Reached by phone, John Manchin said he could not disclose the senator’s business holdings, due to a non-disclosure agreement signed in the wake of his lawsuit.
In an email, TYT asked WCO about both its wages and Joe Manchin’s alleged financial interest. WCO responded, saying, “We wanted you to know that Senator Manchin does not nor has he ever had any interest in WCO flooring.”
It’s not clear, however, whether Manchin might have an indirect stake in WCO through another entity, or through his business dealings with Roch, some of which were outlined in their brother’s lawsuit. Contemporary news reports of the lawsuit do not appear to include denials by Manchin of a stake in WCO. And there was at least one previous instance when Manchin’s financial interests in a company were in dispute or unclear, even to Manchin himself.
WCO did not respond to TYT’s inquiry about its pay levels.
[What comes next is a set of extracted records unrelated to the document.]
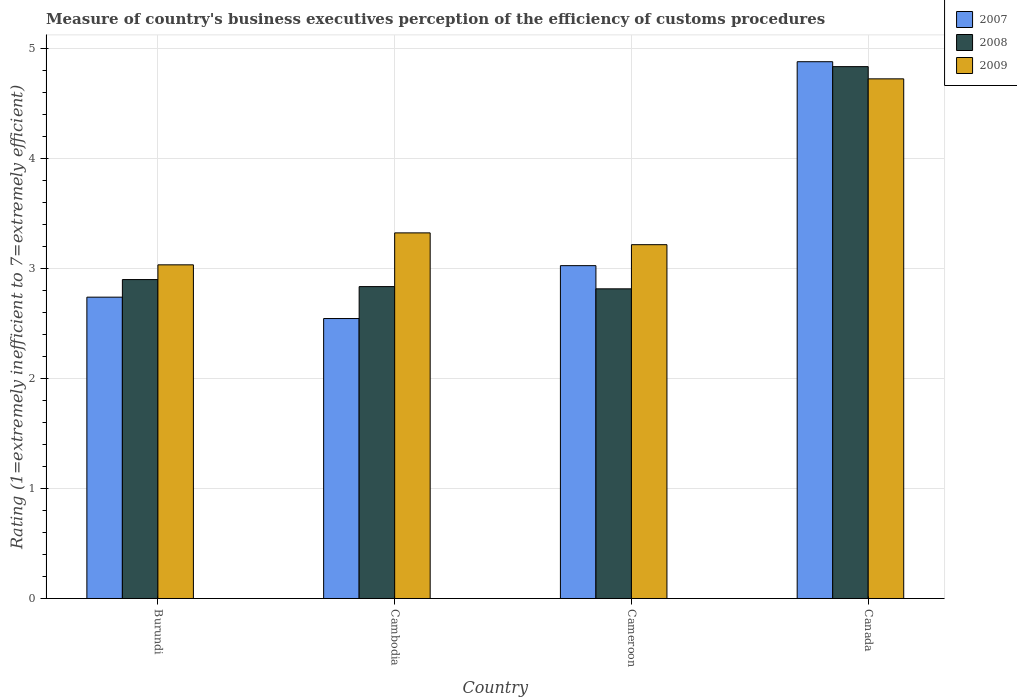Are the number of bars on each tick of the X-axis equal?
Provide a succinct answer. Yes. How many bars are there on the 3rd tick from the left?
Your response must be concise. 3. How many bars are there on the 3rd tick from the right?
Your response must be concise. 3. What is the label of the 4th group of bars from the left?
Your answer should be compact. Canada. What is the rating of the efficiency of customs procedure in 2009 in Cameroon?
Give a very brief answer. 3.22. Across all countries, what is the maximum rating of the efficiency of customs procedure in 2007?
Ensure brevity in your answer.  4.88. Across all countries, what is the minimum rating of the efficiency of customs procedure in 2009?
Keep it short and to the point. 3.03. In which country was the rating of the efficiency of customs procedure in 2009 maximum?
Make the answer very short. Canada. In which country was the rating of the efficiency of customs procedure in 2008 minimum?
Offer a terse response. Cameroon. What is the total rating of the efficiency of customs procedure in 2009 in the graph?
Keep it short and to the point. 14.3. What is the difference between the rating of the efficiency of customs procedure in 2008 in Cambodia and that in Canada?
Your response must be concise. -2. What is the difference between the rating of the efficiency of customs procedure in 2007 in Burundi and the rating of the efficiency of customs procedure in 2009 in Cameroon?
Make the answer very short. -0.48. What is the average rating of the efficiency of customs procedure in 2009 per country?
Keep it short and to the point. 3.57. What is the difference between the rating of the efficiency of customs procedure of/in 2007 and rating of the efficiency of customs procedure of/in 2008 in Burundi?
Your answer should be very brief. -0.16. What is the ratio of the rating of the efficiency of customs procedure in 2008 in Burundi to that in Cambodia?
Provide a short and direct response. 1.02. Is the difference between the rating of the efficiency of customs procedure in 2007 in Cameroon and Canada greater than the difference between the rating of the efficiency of customs procedure in 2008 in Cameroon and Canada?
Offer a terse response. Yes. What is the difference between the highest and the second highest rating of the efficiency of customs procedure in 2007?
Provide a short and direct response. -0.29. What is the difference between the highest and the lowest rating of the efficiency of customs procedure in 2008?
Offer a very short reply. 2.02. In how many countries, is the rating of the efficiency of customs procedure in 2008 greater than the average rating of the efficiency of customs procedure in 2008 taken over all countries?
Provide a succinct answer. 1. Is the sum of the rating of the efficiency of customs procedure in 2007 in Burundi and Canada greater than the maximum rating of the efficiency of customs procedure in 2008 across all countries?
Your answer should be compact. Yes. What does the 2nd bar from the left in Burundi represents?
Provide a short and direct response. 2008. What does the 1st bar from the right in Cameroon represents?
Offer a terse response. 2009. Is it the case that in every country, the sum of the rating of the efficiency of customs procedure in 2007 and rating of the efficiency of customs procedure in 2008 is greater than the rating of the efficiency of customs procedure in 2009?
Keep it short and to the point. Yes. How many countries are there in the graph?
Give a very brief answer. 4. What is the difference between two consecutive major ticks on the Y-axis?
Your answer should be very brief. 1. Are the values on the major ticks of Y-axis written in scientific E-notation?
Provide a succinct answer. No. Does the graph contain any zero values?
Provide a short and direct response. No. Does the graph contain grids?
Offer a terse response. Yes. How are the legend labels stacked?
Keep it short and to the point. Vertical. What is the title of the graph?
Give a very brief answer. Measure of country's business executives perception of the efficiency of customs procedures. Does "1979" appear as one of the legend labels in the graph?
Ensure brevity in your answer.  No. What is the label or title of the X-axis?
Your response must be concise. Country. What is the label or title of the Y-axis?
Your response must be concise. Rating (1=extremely inefficient to 7=extremely efficient). What is the Rating (1=extremely inefficient to 7=extremely efficient) in 2007 in Burundi?
Make the answer very short. 2.74. What is the Rating (1=extremely inefficient to 7=extremely efficient) of 2008 in Burundi?
Keep it short and to the point. 2.9. What is the Rating (1=extremely inefficient to 7=extremely efficient) of 2009 in Burundi?
Your response must be concise. 3.03. What is the Rating (1=extremely inefficient to 7=extremely efficient) of 2007 in Cambodia?
Offer a very short reply. 2.55. What is the Rating (1=extremely inefficient to 7=extremely efficient) in 2008 in Cambodia?
Offer a terse response. 2.84. What is the Rating (1=extremely inefficient to 7=extremely efficient) of 2009 in Cambodia?
Ensure brevity in your answer.  3.32. What is the Rating (1=extremely inefficient to 7=extremely efficient) in 2007 in Cameroon?
Give a very brief answer. 3.03. What is the Rating (1=extremely inefficient to 7=extremely efficient) in 2008 in Cameroon?
Provide a short and direct response. 2.82. What is the Rating (1=extremely inefficient to 7=extremely efficient) in 2009 in Cameroon?
Provide a short and direct response. 3.22. What is the Rating (1=extremely inefficient to 7=extremely efficient) of 2007 in Canada?
Offer a very short reply. 4.88. What is the Rating (1=extremely inefficient to 7=extremely efficient) of 2008 in Canada?
Make the answer very short. 4.84. What is the Rating (1=extremely inefficient to 7=extremely efficient) in 2009 in Canada?
Offer a very short reply. 4.72. Across all countries, what is the maximum Rating (1=extremely inefficient to 7=extremely efficient) in 2007?
Keep it short and to the point. 4.88. Across all countries, what is the maximum Rating (1=extremely inefficient to 7=extremely efficient) in 2008?
Keep it short and to the point. 4.84. Across all countries, what is the maximum Rating (1=extremely inefficient to 7=extremely efficient) of 2009?
Offer a very short reply. 4.72. Across all countries, what is the minimum Rating (1=extremely inefficient to 7=extremely efficient) in 2007?
Your response must be concise. 2.55. Across all countries, what is the minimum Rating (1=extremely inefficient to 7=extremely efficient) of 2008?
Give a very brief answer. 2.82. Across all countries, what is the minimum Rating (1=extremely inefficient to 7=extremely efficient) of 2009?
Your answer should be compact. 3.03. What is the total Rating (1=extremely inefficient to 7=extremely efficient) in 2007 in the graph?
Keep it short and to the point. 13.19. What is the total Rating (1=extremely inefficient to 7=extremely efficient) in 2008 in the graph?
Keep it short and to the point. 13.39. What is the total Rating (1=extremely inefficient to 7=extremely efficient) of 2009 in the graph?
Offer a very short reply. 14.3. What is the difference between the Rating (1=extremely inefficient to 7=extremely efficient) of 2007 in Burundi and that in Cambodia?
Keep it short and to the point. 0.19. What is the difference between the Rating (1=extremely inefficient to 7=extremely efficient) of 2008 in Burundi and that in Cambodia?
Give a very brief answer. 0.06. What is the difference between the Rating (1=extremely inefficient to 7=extremely efficient) of 2009 in Burundi and that in Cambodia?
Your answer should be very brief. -0.29. What is the difference between the Rating (1=extremely inefficient to 7=extremely efficient) in 2007 in Burundi and that in Cameroon?
Make the answer very short. -0.29. What is the difference between the Rating (1=extremely inefficient to 7=extremely efficient) of 2008 in Burundi and that in Cameroon?
Your answer should be compact. 0.08. What is the difference between the Rating (1=extremely inefficient to 7=extremely efficient) of 2009 in Burundi and that in Cameroon?
Provide a succinct answer. -0.18. What is the difference between the Rating (1=extremely inefficient to 7=extremely efficient) in 2007 in Burundi and that in Canada?
Your answer should be very brief. -2.14. What is the difference between the Rating (1=extremely inefficient to 7=extremely efficient) of 2008 in Burundi and that in Canada?
Your answer should be very brief. -1.94. What is the difference between the Rating (1=extremely inefficient to 7=extremely efficient) in 2009 in Burundi and that in Canada?
Make the answer very short. -1.69. What is the difference between the Rating (1=extremely inefficient to 7=extremely efficient) in 2007 in Cambodia and that in Cameroon?
Give a very brief answer. -0.48. What is the difference between the Rating (1=extremely inefficient to 7=extremely efficient) in 2008 in Cambodia and that in Cameroon?
Your answer should be compact. 0.02. What is the difference between the Rating (1=extremely inefficient to 7=extremely efficient) of 2009 in Cambodia and that in Cameroon?
Provide a short and direct response. 0.11. What is the difference between the Rating (1=extremely inefficient to 7=extremely efficient) of 2007 in Cambodia and that in Canada?
Give a very brief answer. -2.34. What is the difference between the Rating (1=extremely inefficient to 7=extremely efficient) in 2008 in Cambodia and that in Canada?
Give a very brief answer. -2. What is the difference between the Rating (1=extremely inefficient to 7=extremely efficient) of 2009 in Cambodia and that in Canada?
Provide a succinct answer. -1.4. What is the difference between the Rating (1=extremely inefficient to 7=extremely efficient) in 2007 in Cameroon and that in Canada?
Your answer should be very brief. -1.85. What is the difference between the Rating (1=extremely inefficient to 7=extremely efficient) in 2008 in Cameroon and that in Canada?
Your answer should be very brief. -2.02. What is the difference between the Rating (1=extremely inefficient to 7=extremely efficient) of 2009 in Cameroon and that in Canada?
Ensure brevity in your answer.  -1.51. What is the difference between the Rating (1=extremely inefficient to 7=extremely efficient) in 2007 in Burundi and the Rating (1=extremely inefficient to 7=extremely efficient) in 2008 in Cambodia?
Keep it short and to the point. -0.1. What is the difference between the Rating (1=extremely inefficient to 7=extremely efficient) of 2007 in Burundi and the Rating (1=extremely inefficient to 7=extremely efficient) of 2009 in Cambodia?
Ensure brevity in your answer.  -0.58. What is the difference between the Rating (1=extremely inefficient to 7=extremely efficient) of 2008 in Burundi and the Rating (1=extremely inefficient to 7=extremely efficient) of 2009 in Cambodia?
Offer a very short reply. -0.42. What is the difference between the Rating (1=extremely inefficient to 7=extremely efficient) in 2007 in Burundi and the Rating (1=extremely inefficient to 7=extremely efficient) in 2008 in Cameroon?
Ensure brevity in your answer.  -0.08. What is the difference between the Rating (1=extremely inefficient to 7=extremely efficient) in 2007 in Burundi and the Rating (1=extremely inefficient to 7=extremely efficient) in 2009 in Cameroon?
Ensure brevity in your answer.  -0.48. What is the difference between the Rating (1=extremely inefficient to 7=extremely efficient) of 2008 in Burundi and the Rating (1=extremely inefficient to 7=extremely efficient) of 2009 in Cameroon?
Your answer should be very brief. -0.32. What is the difference between the Rating (1=extremely inefficient to 7=extremely efficient) of 2007 in Burundi and the Rating (1=extremely inefficient to 7=extremely efficient) of 2008 in Canada?
Make the answer very short. -2.1. What is the difference between the Rating (1=extremely inefficient to 7=extremely efficient) of 2007 in Burundi and the Rating (1=extremely inefficient to 7=extremely efficient) of 2009 in Canada?
Provide a short and direct response. -1.99. What is the difference between the Rating (1=extremely inefficient to 7=extremely efficient) of 2008 in Burundi and the Rating (1=extremely inefficient to 7=extremely efficient) of 2009 in Canada?
Make the answer very short. -1.83. What is the difference between the Rating (1=extremely inefficient to 7=extremely efficient) in 2007 in Cambodia and the Rating (1=extremely inefficient to 7=extremely efficient) in 2008 in Cameroon?
Offer a terse response. -0.27. What is the difference between the Rating (1=extremely inefficient to 7=extremely efficient) of 2007 in Cambodia and the Rating (1=extremely inefficient to 7=extremely efficient) of 2009 in Cameroon?
Keep it short and to the point. -0.67. What is the difference between the Rating (1=extremely inefficient to 7=extremely efficient) in 2008 in Cambodia and the Rating (1=extremely inefficient to 7=extremely efficient) in 2009 in Cameroon?
Provide a succinct answer. -0.38. What is the difference between the Rating (1=extremely inefficient to 7=extremely efficient) in 2007 in Cambodia and the Rating (1=extremely inefficient to 7=extremely efficient) in 2008 in Canada?
Your answer should be compact. -2.29. What is the difference between the Rating (1=extremely inefficient to 7=extremely efficient) in 2007 in Cambodia and the Rating (1=extremely inefficient to 7=extremely efficient) in 2009 in Canada?
Provide a succinct answer. -2.18. What is the difference between the Rating (1=extremely inefficient to 7=extremely efficient) of 2008 in Cambodia and the Rating (1=extremely inefficient to 7=extremely efficient) of 2009 in Canada?
Offer a very short reply. -1.89. What is the difference between the Rating (1=extremely inefficient to 7=extremely efficient) of 2007 in Cameroon and the Rating (1=extremely inefficient to 7=extremely efficient) of 2008 in Canada?
Keep it short and to the point. -1.81. What is the difference between the Rating (1=extremely inefficient to 7=extremely efficient) in 2007 in Cameroon and the Rating (1=extremely inefficient to 7=extremely efficient) in 2009 in Canada?
Offer a very short reply. -1.7. What is the difference between the Rating (1=extremely inefficient to 7=extremely efficient) in 2008 in Cameroon and the Rating (1=extremely inefficient to 7=extremely efficient) in 2009 in Canada?
Keep it short and to the point. -1.91. What is the average Rating (1=extremely inefficient to 7=extremely efficient) of 2007 per country?
Make the answer very short. 3.3. What is the average Rating (1=extremely inefficient to 7=extremely efficient) of 2008 per country?
Keep it short and to the point. 3.35. What is the average Rating (1=extremely inefficient to 7=extremely efficient) in 2009 per country?
Ensure brevity in your answer.  3.57. What is the difference between the Rating (1=extremely inefficient to 7=extremely efficient) in 2007 and Rating (1=extremely inefficient to 7=extremely efficient) in 2008 in Burundi?
Ensure brevity in your answer.  -0.16. What is the difference between the Rating (1=extremely inefficient to 7=extremely efficient) in 2007 and Rating (1=extremely inefficient to 7=extremely efficient) in 2009 in Burundi?
Your answer should be very brief. -0.29. What is the difference between the Rating (1=extremely inefficient to 7=extremely efficient) in 2008 and Rating (1=extremely inefficient to 7=extremely efficient) in 2009 in Burundi?
Offer a terse response. -0.13. What is the difference between the Rating (1=extremely inefficient to 7=extremely efficient) of 2007 and Rating (1=extremely inefficient to 7=extremely efficient) of 2008 in Cambodia?
Provide a short and direct response. -0.29. What is the difference between the Rating (1=extremely inefficient to 7=extremely efficient) of 2007 and Rating (1=extremely inefficient to 7=extremely efficient) of 2009 in Cambodia?
Make the answer very short. -0.78. What is the difference between the Rating (1=extremely inefficient to 7=extremely efficient) in 2008 and Rating (1=extremely inefficient to 7=extremely efficient) in 2009 in Cambodia?
Your answer should be very brief. -0.49. What is the difference between the Rating (1=extremely inefficient to 7=extremely efficient) in 2007 and Rating (1=extremely inefficient to 7=extremely efficient) in 2008 in Cameroon?
Your response must be concise. 0.21. What is the difference between the Rating (1=extremely inefficient to 7=extremely efficient) of 2007 and Rating (1=extremely inefficient to 7=extremely efficient) of 2009 in Cameroon?
Keep it short and to the point. -0.19. What is the difference between the Rating (1=extremely inefficient to 7=extremely efficient) of 2008 and Rating (1=extremely inefficient to 7=extremely efficient) of 2009 in Cameroon?
Offer a terse response. -0.4. What is the difference between the Rating (1=extremely inefficient to 7=extremely efficient) in 2007 and Rating (1=extremely inefficient to 7=extremely efficient) in 2008 in Canada?
Your answer should be compact. 0.04. What is the difference between the Rating (1=extremely inefficient to 7=extremely efficient) in 2007 and Rating (1=extremely inefficient to 7=extremely efficient) in 2009 in Canada?
Keep it short and to the point. 0.16. What is the ratio of the Rating (1=extremely inefficient to 7=extremely efficient) in 2007 in Burundi to that in Cambodia?
Your response must be concise. 1.08. What is the ratio of the Rating (1=extremely inefficient to 7=extremely efficient) in 2008 in Burundi to that in Cambodia?
Offer a very short reply. 1.02. What is the ratio of the Rating (1=extremely inefficient to 7=extremely efficient) of 2009 in Burundi to that in Cambodia?
Your answer should be compact. 0.91. What is the ratio of the Rating (1=extremely inefficient to 7=extremely efficient) in 2007 in Burundi to that in Cameroon?
Ensure brevity in your answer.  0.91. What is the ratio of the Rating (1=extremely inefficient to 7=extremely efficient) in 2008 in Burundi to that in Cameroon?
Give a very brief answer. 1.03. What is the ratio of the Rating (1=extremely inefficient to 7=extremely efficient) in 2009 in Burundi to that in Cameroon?
Provide a succinct answer. 0.94. What is the ratio of the Rating (1=extremely inefficient to 7=extremely efficient) in 2007 in Burundi to that in Canada?
Provide a short and direct response. 0.56. What is the ratio of the Rating (1=extremely inefficient to 7=extremely efficient) of 2008 in Burundi to that in Canada?
Ensure brevity in your answer.  0.6. What is the ratio of the Rating (1=extremely inefficient to 7=extremely efficient) in 2009 in Burundi to that in Canada?
Ensure brevity in your answer.  0.64. What is the ratio of the Rating (1=extremely inefficient to 7=extremely efficient) in 2007 in Cambodia to that in Cameroon?
Keep it short and to the point. 0.84. What is the ratio of the Rating (1=extremely inefficient to 7=extremely efficient) in 2009 in Cambodia to that in Cameroon?
Keep it short and to the point. 1.03. What is the ratio of the Rating (1=extremely inefficient to 7=extremely efficient) in 2007 in Cambodia to that in Canada?
Provide a short and direct response. 0.52. What is the ratio of the Rating (1=extremely inefficient to 7=extremely efficient) of 2008 in Cambodia to that in Canada?
Keep it short and to the point. 0.59. What is the ratio of the Rating (1=extremely inefficient to 7=extremely efficient) of 2009 in Cambodia to that in Canada?
Ensure brevity in your answer.  0.7. What is the ratio of the Rating (1=extremely inefficient to 7=extremely efficient) in 2007 in Cameroon to that in Canada?
Offer a terse response. 0.62. What is the ratio of the Rating (1=extremely inefficient to 7=extremely efficient) of 2008 in Cameroon to that in Canada?
Your response must be concise. 0.58. What is the ratio of the Rating (1=extremely inefficient to 7=extremely efficient) in 2009 in Cameroon to that in Canada?
Your answer should be compact. 0.68. What is the difference between the highest and the second highest Rating (1=extremely inefficient to 7=extremely efficient) of 2007?
Ensure brevity in your answer.  1.85. What is the difference between the highest and the second highest Rating (1=extremely inefficient to 7=extremely efficient) in 2008?
Give a very brief answer. 1.94. What is the difference between the highest and the second highest Rating (1=extremely inefficient to 7=extremely efficient) in 2009?
Your answer should be compact. 1.4. What is the difference between the highest and the lowest Rating (1=extremely inefficient to 7=extremely efficient) in 2007?
Give a very brief answer. 2.34. What is the difference between the highest and the lowest Rating (1=extremely inefficient to 7=extremely efficient) in 2008?
Your answer should be compact. 2.02. What is the difference between the highest and the lowest Rating (1=extremely inefficient to 7=extremely efficient) in 2009?
Ensure brevity in your answer.  1.69.

However, federal records show that WCO received a $238,500 loan as part of the Payroll Protection Program, disclosing some financial information in the process. The financial data includes both headcount and monthly payroll estimates that determined loan eligibility — but also give some idea of employee salaries.
According to an analysis by FederalPay.org, WCO would have had an estimated $1.14 million monthly payroll to qualify for its loan. Averaging that amount over the 50 employees WCO reported translates to an average annual salary of $22,896, the website estimated. (Because the government did not factor employee compensation above $100,000 into its loan-eligibility calculation, WCO’s actual average pay could be higher.)
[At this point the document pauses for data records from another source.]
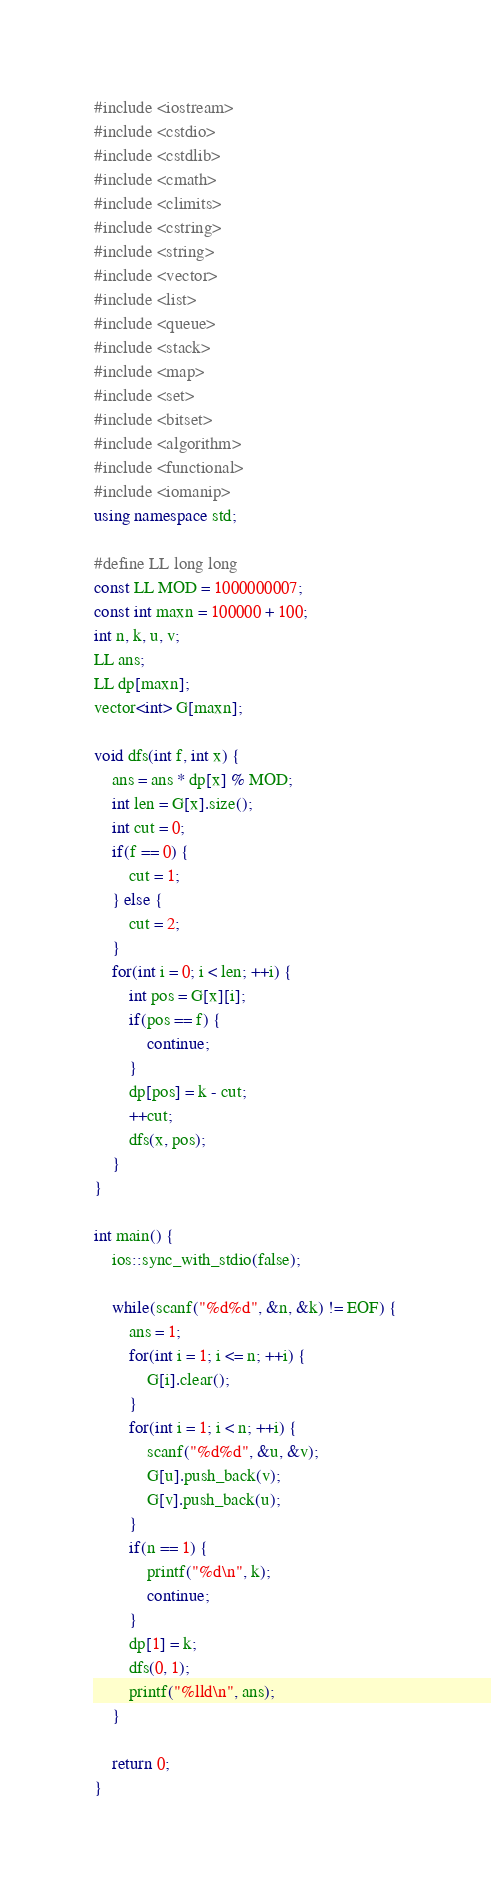Convert code to text. <code><loc_0><loc_0><loc_500><loc_500><_C++_>#include <iostream>
#include <cstdio>
#include <cstdlib>
#include <cmath>
#include <climits>
#include <cstring>
#include <string>
#include <vector>
#include <list>
#include <queue>
#include <stack>
#include <map>
#include <set>
#include <bitset>
#include <algorithm>
#include <functional>
#include <iomanip>
using namespace std;

#define LL long long
const LL MOD = 1000000007;
const int maxn = 100000 + 100;
int n, k, u, v;
LL ans;
LL dp[maxn];
vector<int> G[maxn];

void dfs(int f, int x) {
    ans = ans * dp[x] % MOD;
    int len = G[x].size();
    int cut = 0;
    if(f == 0) {
        cut = 1;
    } else {
        cut = 2;
    }
    for(int i = 0; i < len; ++i) {
        int pos = G[x][i];
        if(pos == f) {
            continue;
        }
        dp[pos] = k - cut;
        ++cut;
        dfs(x, pos);
    }
}

int main() {
    ios::sync_with_stdio(false);

    while(scanf("%d%d", &n, &k) != EOF) {
        ans = 1;
        for(int i = 1; i <= n; ++i) {
            G[i].clear();
        }
        for(int i = 1; i < n; ++i) {
            scanf("%d%d", &u, &v);
            G[u].push_back(v);
            G[v].push_back(u);
        }
        if(n == 1) {
            printf("%d\n", k);
            continue;
        }
        dp[1] = k;
        dfs(0, 1);
        printf("%lld\n", ans);
    }

    return 0;
}</code>

If the FederalPay analysis is accurate, however, and assuming two weeks of paid vacation, it would mean WCO pays its workers an average hourly rate of $11.01, or one cent more than Manchin’s proposed minimum wage.
Neither WCO nor the La Quinta appear on Manchin’s ethics filing, but Manchin does list multiple joint-ownership entities, such as Manchin Properties and MPM Properties, with financial holdings that are not disclosed.
Manchin has other business interests — with stakes in coal and energy companies such as Farmington Resources and Enersystems — but financial information that might reveal employee compensation levels is not publicly available. Manchin and his wife also have financial interests in other companies that may pay some employees less than $15 an hour, including bank shares valued at more than half a million dollars.